# Assignment
Collect every line of the records below that contains the word "each".

Items from a dataset

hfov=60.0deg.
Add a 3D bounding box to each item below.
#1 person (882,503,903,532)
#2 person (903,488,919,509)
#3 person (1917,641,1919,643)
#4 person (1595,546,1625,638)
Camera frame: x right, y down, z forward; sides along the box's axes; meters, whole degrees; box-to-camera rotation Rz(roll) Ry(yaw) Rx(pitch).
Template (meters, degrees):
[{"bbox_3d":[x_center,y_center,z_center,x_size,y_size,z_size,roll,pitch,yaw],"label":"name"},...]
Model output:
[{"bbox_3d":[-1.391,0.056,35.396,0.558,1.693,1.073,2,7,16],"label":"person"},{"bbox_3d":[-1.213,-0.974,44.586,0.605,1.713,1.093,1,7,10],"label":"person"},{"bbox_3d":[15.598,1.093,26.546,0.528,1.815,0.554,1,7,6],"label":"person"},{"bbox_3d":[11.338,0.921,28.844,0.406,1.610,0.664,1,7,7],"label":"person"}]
* * *
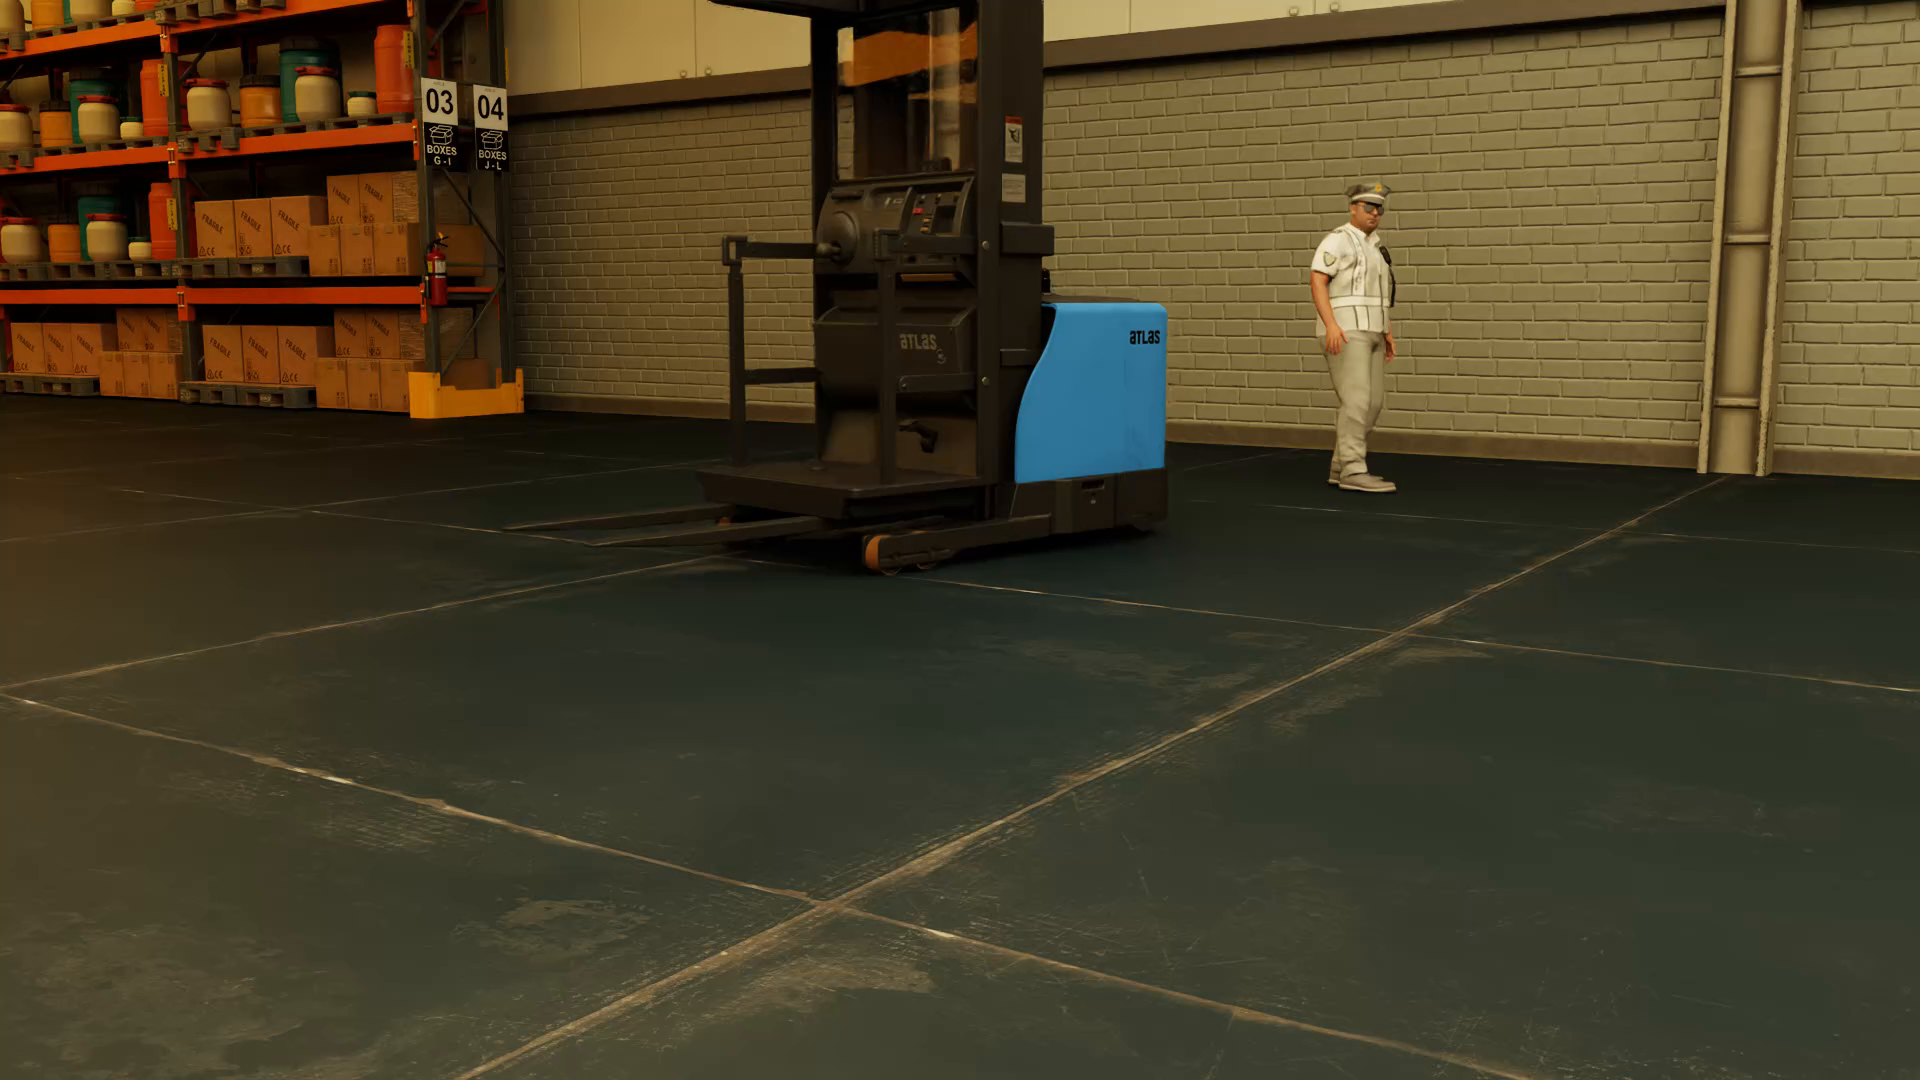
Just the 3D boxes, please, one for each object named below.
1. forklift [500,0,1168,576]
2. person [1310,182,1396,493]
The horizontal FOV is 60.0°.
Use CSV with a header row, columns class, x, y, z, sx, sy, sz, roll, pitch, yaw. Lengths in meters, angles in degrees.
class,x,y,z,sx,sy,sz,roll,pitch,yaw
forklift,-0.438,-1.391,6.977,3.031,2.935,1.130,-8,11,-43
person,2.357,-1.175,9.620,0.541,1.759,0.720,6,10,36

# Task solution
Add a 3D bounding box to each item below.
Just the 3D boxes, please, one for each object named below.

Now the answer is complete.